● **Work item**
Find every line in the records below that contains the word "click", and copy each such line.

Items from a data source
● ● ●
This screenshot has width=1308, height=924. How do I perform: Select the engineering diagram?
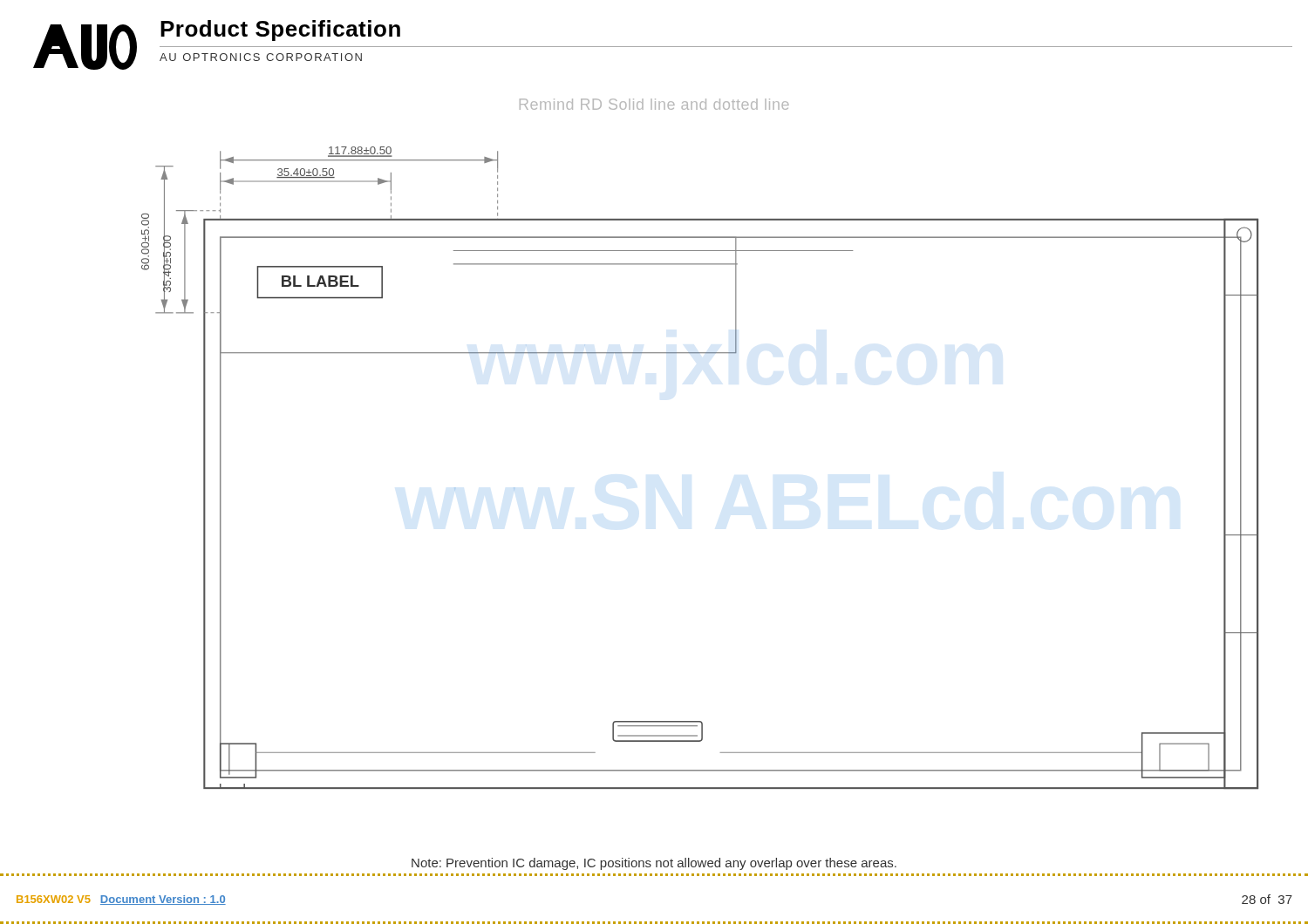[698, 482]
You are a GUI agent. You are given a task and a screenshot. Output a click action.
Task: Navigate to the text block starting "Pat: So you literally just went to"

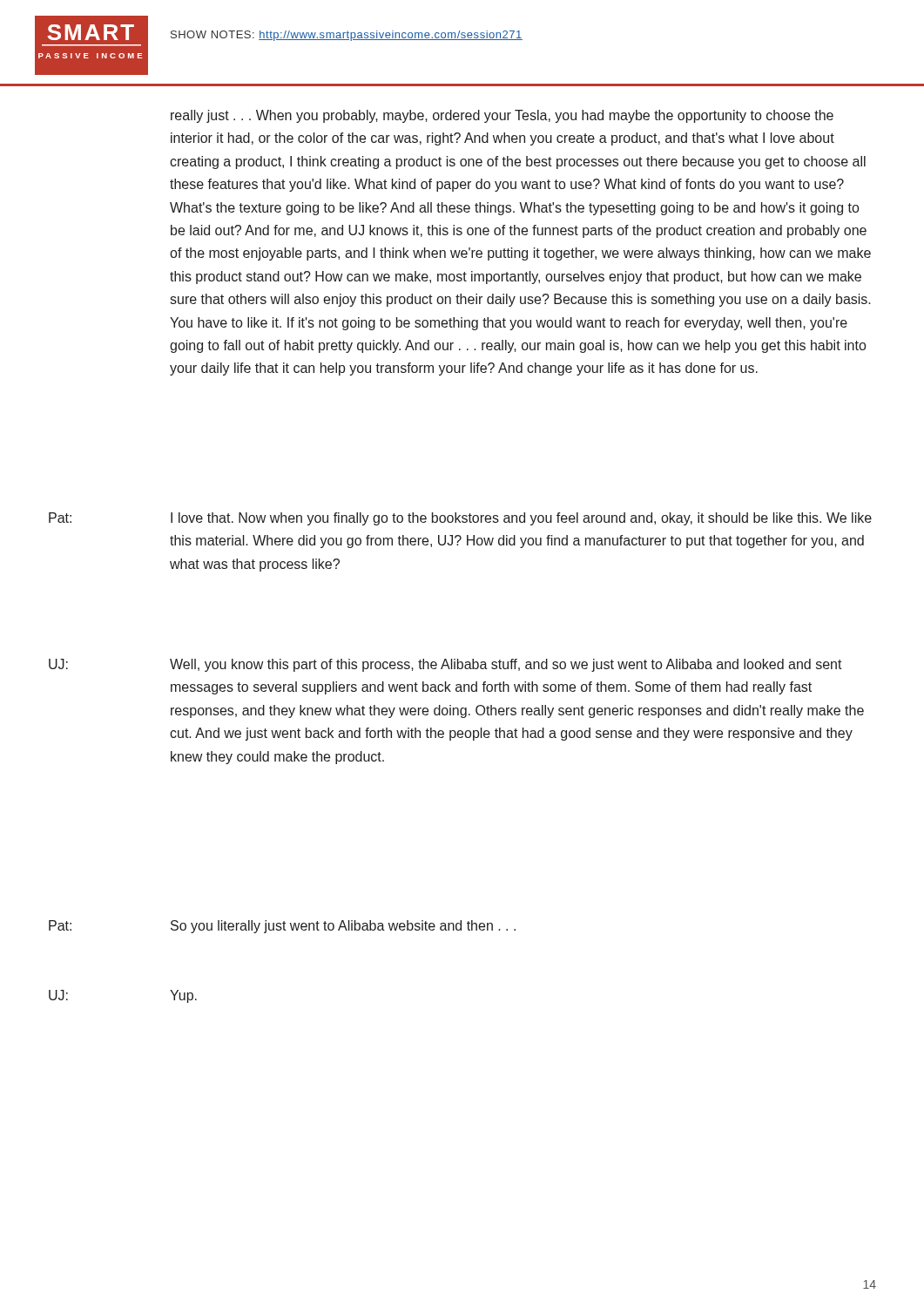[x=343, y=926]
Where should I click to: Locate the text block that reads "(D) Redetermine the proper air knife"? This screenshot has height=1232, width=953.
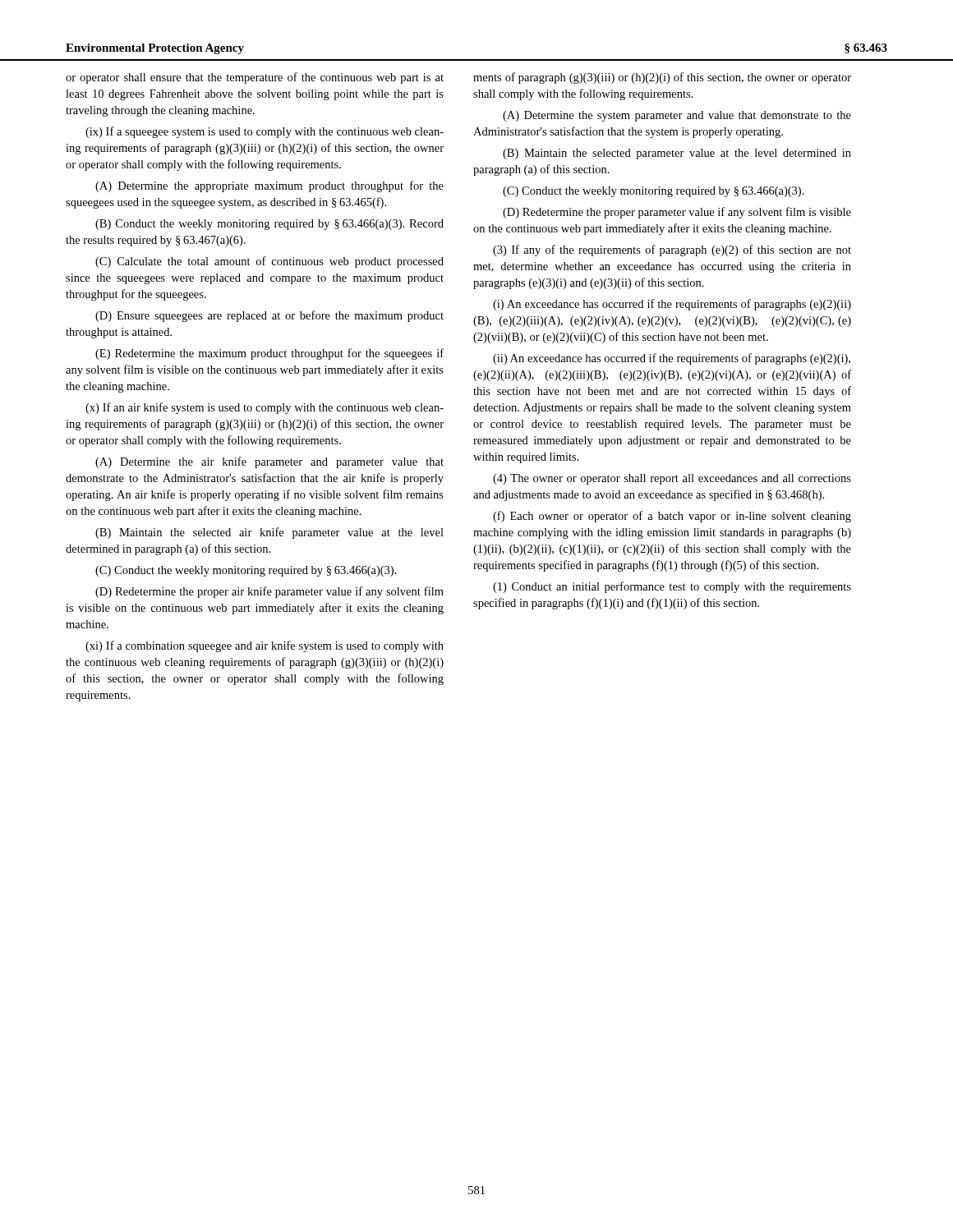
● ● ●
● **Expected answer**
You are a GUI agent. You are given a task and a screenshot. Output a click action.
Where should I click to: Locate the text block that reads "(D) Redetermine the proper air knife"? This screenshot has height=1232, width=953.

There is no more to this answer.